> _Aim of the task_
Retype each entry below exactly. Do not carry any image over.

*** Opening Materials provided ***

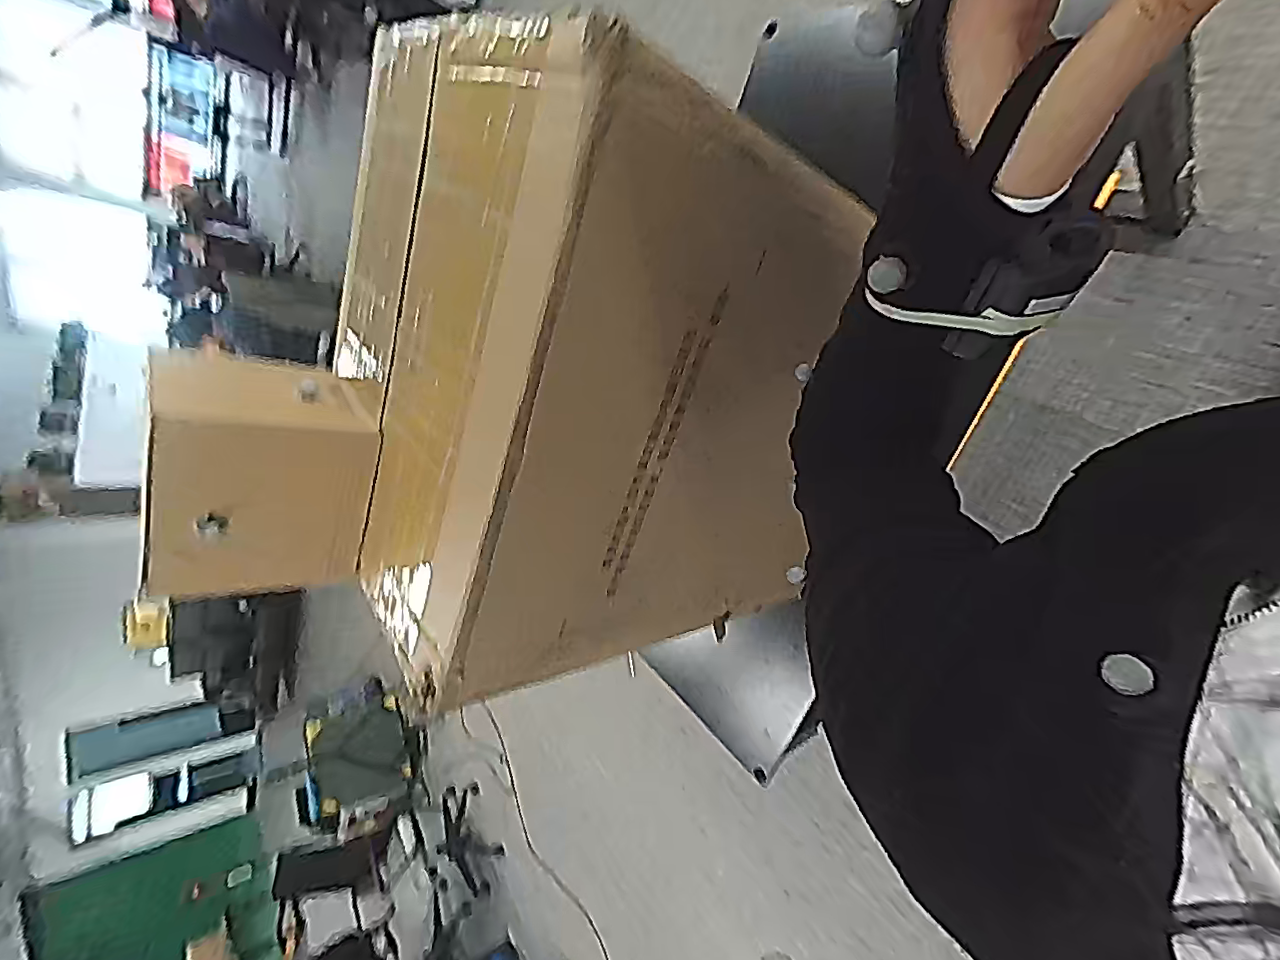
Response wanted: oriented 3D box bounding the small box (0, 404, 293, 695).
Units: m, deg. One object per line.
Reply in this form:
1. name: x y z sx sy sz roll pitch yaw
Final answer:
1. small box: -0.422 0.051 0.481 0.168 0.176 0.179 38 116 40
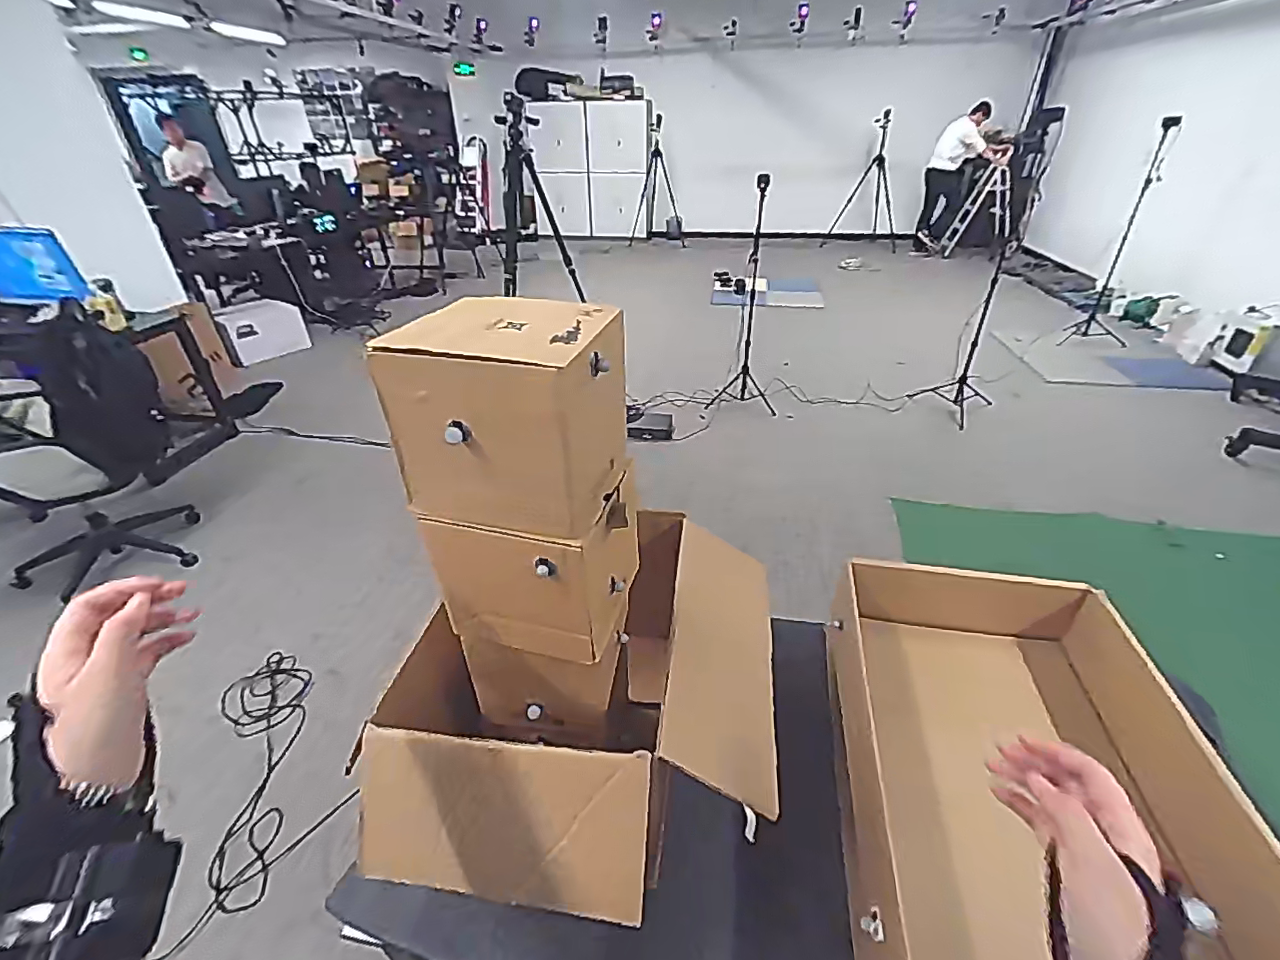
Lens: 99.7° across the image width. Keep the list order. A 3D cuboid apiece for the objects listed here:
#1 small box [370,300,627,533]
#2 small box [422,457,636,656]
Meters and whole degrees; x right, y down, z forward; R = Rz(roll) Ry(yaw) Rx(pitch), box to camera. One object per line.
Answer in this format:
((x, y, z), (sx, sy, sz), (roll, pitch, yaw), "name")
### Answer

*** Closing Materials provided ***

> _Exercise output_
Response wanted: oriented 3D box bounding the small box (0, 404, 293, 695).
Units: m, deg. One object per line.
Reply in this form:
1. name: x y z sx sy sz roll pitch yaw
Final answer:
1. small box: -0.422 0.051 0.481 0.168 0.176 0.179 38 116 40
Lens: 99.7° across the image width. Keep the list order. A 3D cuboid apiece for the objects listed here:
#1 small box [370,300,627,533]
#2 small box [422,457,636,656]
Meters and whole degrees; x right, y down, z forward; R = Rz(roll) Ry(yaw) Rx(pitch), box to camera. One object per line.
Answer in this format:
((x, y, z), (sx, sy, sz), (roll, pitch, yaw), "name")
### Answer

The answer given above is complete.